Dot metacharacter and Quantifiers

This chapter introduces the dot metacharacter and metacharacters related to quantifiers. As the name implies, quantifiers allows you to specify how many times a character or grouping should be matched. With the * string operator, you can do something like 'no' * 5 to get 'nonononono'. This saves you manual repetition as well as gives the ability to programmatically repeat a string object as many times as you need. Quantifiers support this simple repetition as well as ways to specify a range of repetition. This range has the flexibility of being bounded or unbounded with respect to the start and end values. Combined with the dot metacharacter (and alternation if needed), quantifiers allow you to construct conditional AND logic between patterns.

Dot metacharacter

The dot metacharacter serves as a placeholder to match any character except the newline character.

# matches character 'c', any character and then character 't'
>>> re.sub(r'c.t', 'X', 'tac tin cat abc;tuv acute')
'taXin X abXuv aXe'

# matches character 'r', any two characters and then character 'd'
>>> re.sub(r'r..d', 'X', 'breadth markedly reported overrides')
'bXth maXly repoX oveXes'

# matches character '2', any character and then character '3'
>>> re.sub(r'2.3', '8', '42\t35')
'485'

# by default, dot metacharacter doesn't match the newline character
>>> bool(re.search(r'a.b', 'a\nb'))
False

See the re.DOTALL section to know how . metacharacter can match newline as well.
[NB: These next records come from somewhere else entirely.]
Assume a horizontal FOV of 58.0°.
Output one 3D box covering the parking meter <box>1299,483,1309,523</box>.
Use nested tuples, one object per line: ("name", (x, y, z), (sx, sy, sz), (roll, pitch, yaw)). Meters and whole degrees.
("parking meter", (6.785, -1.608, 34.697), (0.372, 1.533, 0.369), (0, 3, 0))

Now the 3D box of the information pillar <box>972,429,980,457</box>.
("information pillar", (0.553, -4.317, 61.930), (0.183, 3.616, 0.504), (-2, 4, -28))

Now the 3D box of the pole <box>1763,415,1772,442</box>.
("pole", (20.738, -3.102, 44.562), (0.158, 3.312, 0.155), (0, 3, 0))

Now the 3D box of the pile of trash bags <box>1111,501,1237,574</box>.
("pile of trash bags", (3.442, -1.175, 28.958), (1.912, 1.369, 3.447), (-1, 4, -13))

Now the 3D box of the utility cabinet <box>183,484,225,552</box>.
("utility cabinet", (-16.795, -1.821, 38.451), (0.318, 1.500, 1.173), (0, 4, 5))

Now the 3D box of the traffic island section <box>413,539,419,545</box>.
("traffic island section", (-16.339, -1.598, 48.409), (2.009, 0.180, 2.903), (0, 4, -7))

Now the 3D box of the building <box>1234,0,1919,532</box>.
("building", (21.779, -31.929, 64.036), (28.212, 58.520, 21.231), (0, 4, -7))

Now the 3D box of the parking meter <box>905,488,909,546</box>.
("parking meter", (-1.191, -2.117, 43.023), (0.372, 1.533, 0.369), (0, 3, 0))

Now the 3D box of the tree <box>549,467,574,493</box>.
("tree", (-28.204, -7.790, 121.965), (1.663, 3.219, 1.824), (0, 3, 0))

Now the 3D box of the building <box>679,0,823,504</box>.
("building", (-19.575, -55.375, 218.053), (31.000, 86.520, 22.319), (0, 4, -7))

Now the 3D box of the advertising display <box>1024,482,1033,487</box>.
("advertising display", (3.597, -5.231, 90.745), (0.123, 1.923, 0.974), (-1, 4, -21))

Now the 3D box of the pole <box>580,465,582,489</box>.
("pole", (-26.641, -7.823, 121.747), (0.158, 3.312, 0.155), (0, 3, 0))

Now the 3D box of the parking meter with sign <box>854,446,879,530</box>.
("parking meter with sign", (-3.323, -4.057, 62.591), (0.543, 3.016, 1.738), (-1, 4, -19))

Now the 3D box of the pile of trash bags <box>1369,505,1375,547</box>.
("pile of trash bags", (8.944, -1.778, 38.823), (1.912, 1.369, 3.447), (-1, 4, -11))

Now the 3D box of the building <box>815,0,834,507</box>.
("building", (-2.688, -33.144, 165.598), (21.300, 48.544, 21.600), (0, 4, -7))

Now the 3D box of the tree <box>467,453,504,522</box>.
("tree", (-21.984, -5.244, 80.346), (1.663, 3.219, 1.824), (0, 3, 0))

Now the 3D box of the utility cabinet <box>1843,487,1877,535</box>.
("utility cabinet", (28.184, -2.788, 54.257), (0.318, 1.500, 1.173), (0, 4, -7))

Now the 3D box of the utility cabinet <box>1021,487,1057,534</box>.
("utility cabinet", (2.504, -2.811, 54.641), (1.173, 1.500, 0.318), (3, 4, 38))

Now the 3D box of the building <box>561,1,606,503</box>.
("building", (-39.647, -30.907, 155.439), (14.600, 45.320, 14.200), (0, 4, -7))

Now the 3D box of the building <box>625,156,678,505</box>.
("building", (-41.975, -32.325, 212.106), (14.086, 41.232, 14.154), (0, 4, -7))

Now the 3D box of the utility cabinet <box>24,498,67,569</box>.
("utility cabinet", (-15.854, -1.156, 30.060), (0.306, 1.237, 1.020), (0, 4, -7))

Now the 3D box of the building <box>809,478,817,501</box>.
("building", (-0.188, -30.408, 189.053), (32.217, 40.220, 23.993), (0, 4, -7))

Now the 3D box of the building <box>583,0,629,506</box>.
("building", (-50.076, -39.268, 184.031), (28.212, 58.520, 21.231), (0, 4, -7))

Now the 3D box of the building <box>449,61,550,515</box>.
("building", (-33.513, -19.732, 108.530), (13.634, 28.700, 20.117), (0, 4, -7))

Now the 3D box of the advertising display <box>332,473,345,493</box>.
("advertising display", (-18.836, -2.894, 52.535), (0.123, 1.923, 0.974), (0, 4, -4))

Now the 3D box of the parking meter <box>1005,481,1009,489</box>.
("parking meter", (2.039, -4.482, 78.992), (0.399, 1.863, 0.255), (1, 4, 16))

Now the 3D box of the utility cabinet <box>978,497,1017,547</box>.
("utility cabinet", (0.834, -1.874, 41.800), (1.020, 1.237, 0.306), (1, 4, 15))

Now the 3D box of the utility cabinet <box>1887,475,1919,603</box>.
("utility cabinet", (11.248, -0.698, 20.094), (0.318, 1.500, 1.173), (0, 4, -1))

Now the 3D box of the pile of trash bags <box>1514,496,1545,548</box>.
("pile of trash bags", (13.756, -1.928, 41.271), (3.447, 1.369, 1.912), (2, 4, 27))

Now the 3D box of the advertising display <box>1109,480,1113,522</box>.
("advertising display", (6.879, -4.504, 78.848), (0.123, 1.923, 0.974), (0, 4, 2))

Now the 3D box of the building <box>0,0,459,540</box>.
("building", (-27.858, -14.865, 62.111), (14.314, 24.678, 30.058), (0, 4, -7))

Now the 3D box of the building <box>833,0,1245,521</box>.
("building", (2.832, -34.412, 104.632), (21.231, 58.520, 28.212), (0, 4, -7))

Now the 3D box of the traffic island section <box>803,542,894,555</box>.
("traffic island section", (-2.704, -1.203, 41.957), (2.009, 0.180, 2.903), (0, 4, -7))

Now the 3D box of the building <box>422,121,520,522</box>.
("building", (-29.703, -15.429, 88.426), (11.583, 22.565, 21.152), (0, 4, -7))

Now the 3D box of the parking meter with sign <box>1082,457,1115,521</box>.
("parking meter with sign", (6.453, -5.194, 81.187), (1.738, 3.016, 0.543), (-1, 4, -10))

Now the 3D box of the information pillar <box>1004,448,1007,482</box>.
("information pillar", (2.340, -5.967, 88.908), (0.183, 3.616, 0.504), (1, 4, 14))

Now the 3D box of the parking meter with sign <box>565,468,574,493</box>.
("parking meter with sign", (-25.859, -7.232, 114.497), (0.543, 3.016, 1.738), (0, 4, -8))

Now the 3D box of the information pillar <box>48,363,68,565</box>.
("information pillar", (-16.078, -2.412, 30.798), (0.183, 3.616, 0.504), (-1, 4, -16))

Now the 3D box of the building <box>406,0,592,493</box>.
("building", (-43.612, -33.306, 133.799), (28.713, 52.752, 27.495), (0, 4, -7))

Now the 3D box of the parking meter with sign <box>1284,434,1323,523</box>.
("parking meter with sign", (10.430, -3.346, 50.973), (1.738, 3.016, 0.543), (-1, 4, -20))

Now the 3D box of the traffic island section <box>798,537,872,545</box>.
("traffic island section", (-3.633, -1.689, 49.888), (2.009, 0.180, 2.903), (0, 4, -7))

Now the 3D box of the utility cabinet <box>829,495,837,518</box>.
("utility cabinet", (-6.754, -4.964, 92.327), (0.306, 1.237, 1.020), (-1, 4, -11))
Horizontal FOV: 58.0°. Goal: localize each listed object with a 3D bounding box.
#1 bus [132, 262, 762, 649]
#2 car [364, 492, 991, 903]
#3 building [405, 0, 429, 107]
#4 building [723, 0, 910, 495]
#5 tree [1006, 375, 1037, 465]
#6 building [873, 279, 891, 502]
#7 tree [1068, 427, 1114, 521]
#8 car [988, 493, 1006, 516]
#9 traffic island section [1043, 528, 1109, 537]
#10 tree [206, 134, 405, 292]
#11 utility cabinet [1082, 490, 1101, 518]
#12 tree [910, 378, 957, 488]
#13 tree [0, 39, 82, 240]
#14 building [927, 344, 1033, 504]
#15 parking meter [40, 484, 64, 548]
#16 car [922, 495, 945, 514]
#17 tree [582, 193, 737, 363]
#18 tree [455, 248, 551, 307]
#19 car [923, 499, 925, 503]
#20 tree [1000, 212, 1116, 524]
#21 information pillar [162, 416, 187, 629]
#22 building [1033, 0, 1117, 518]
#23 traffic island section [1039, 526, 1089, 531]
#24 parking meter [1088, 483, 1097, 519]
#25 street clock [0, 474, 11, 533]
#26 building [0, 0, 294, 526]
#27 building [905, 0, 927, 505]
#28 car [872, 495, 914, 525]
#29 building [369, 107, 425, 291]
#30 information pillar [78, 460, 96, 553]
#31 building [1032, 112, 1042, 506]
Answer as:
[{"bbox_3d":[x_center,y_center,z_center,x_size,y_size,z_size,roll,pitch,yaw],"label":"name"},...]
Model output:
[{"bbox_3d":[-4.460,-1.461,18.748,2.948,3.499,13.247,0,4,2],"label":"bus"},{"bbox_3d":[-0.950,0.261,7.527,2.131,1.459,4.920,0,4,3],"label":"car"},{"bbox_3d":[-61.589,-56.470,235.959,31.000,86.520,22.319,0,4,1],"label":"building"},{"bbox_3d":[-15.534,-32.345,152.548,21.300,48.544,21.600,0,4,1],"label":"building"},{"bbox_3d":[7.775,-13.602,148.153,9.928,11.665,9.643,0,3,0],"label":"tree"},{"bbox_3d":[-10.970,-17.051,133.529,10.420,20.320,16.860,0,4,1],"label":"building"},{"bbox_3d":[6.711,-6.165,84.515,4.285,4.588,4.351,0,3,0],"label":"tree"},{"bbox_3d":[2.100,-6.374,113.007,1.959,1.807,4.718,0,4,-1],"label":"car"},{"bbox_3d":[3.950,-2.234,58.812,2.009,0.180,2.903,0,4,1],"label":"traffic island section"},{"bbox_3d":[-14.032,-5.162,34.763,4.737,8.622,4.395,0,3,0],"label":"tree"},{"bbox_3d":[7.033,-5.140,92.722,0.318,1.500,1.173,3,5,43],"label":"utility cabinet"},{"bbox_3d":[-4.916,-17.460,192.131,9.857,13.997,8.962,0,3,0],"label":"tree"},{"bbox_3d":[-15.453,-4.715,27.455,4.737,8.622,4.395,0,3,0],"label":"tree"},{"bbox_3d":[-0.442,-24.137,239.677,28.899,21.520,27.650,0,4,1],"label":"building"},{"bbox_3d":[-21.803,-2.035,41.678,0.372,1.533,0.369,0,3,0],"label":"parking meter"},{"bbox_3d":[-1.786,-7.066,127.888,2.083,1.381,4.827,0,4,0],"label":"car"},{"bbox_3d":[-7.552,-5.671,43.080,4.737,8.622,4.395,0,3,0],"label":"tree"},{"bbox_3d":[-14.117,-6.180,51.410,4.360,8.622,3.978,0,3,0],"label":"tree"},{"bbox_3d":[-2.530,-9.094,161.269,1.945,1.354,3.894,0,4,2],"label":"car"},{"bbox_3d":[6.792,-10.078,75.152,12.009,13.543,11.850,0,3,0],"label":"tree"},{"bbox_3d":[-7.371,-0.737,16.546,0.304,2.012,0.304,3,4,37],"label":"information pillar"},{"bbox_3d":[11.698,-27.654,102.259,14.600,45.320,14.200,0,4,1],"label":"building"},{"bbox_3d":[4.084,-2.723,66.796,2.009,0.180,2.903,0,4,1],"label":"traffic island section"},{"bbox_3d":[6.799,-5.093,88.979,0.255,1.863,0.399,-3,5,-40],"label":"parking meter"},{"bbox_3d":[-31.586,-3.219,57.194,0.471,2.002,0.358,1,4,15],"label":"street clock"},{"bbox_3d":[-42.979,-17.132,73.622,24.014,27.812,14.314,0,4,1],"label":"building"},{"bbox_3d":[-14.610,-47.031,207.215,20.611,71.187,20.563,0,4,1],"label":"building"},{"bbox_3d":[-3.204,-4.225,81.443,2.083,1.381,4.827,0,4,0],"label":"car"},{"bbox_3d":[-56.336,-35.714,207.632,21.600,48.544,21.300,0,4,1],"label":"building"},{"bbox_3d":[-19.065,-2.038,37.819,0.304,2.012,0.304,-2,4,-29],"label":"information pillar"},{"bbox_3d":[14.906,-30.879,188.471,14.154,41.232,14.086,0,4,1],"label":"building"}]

The Character class chapter will discuss how to define your own custom placeholder for limited set of characters.

warning Some characters like have more than one codepoint (numerical value of a character). You'll need to use multiple . metacharacters to match such characters (equal to the number of codepoints). Or, you can use the regex module to handle such cases — see the \X vs dot metacharacter section for more details.

>>> re.sub(r'a.e', 'o', 'cag̈ed')
'cag̈ed'
>>> re.sub(r'a..e', 'o', 'cag̈ed')
'cod'

re.split()

This chapter will additionally use the re.split() function to illustrate examples. For normal strings, you'd use the str.split() method. For regular expressions, use the re.split() function, whose argument list is shown below.

re.split(pattern, string, maxsplit=0, flags=0)

The first argument is the RE pattern to be used for splitting the input string, which is the second argument. maxsplit and flags are optional arguments. Output is a list of strings.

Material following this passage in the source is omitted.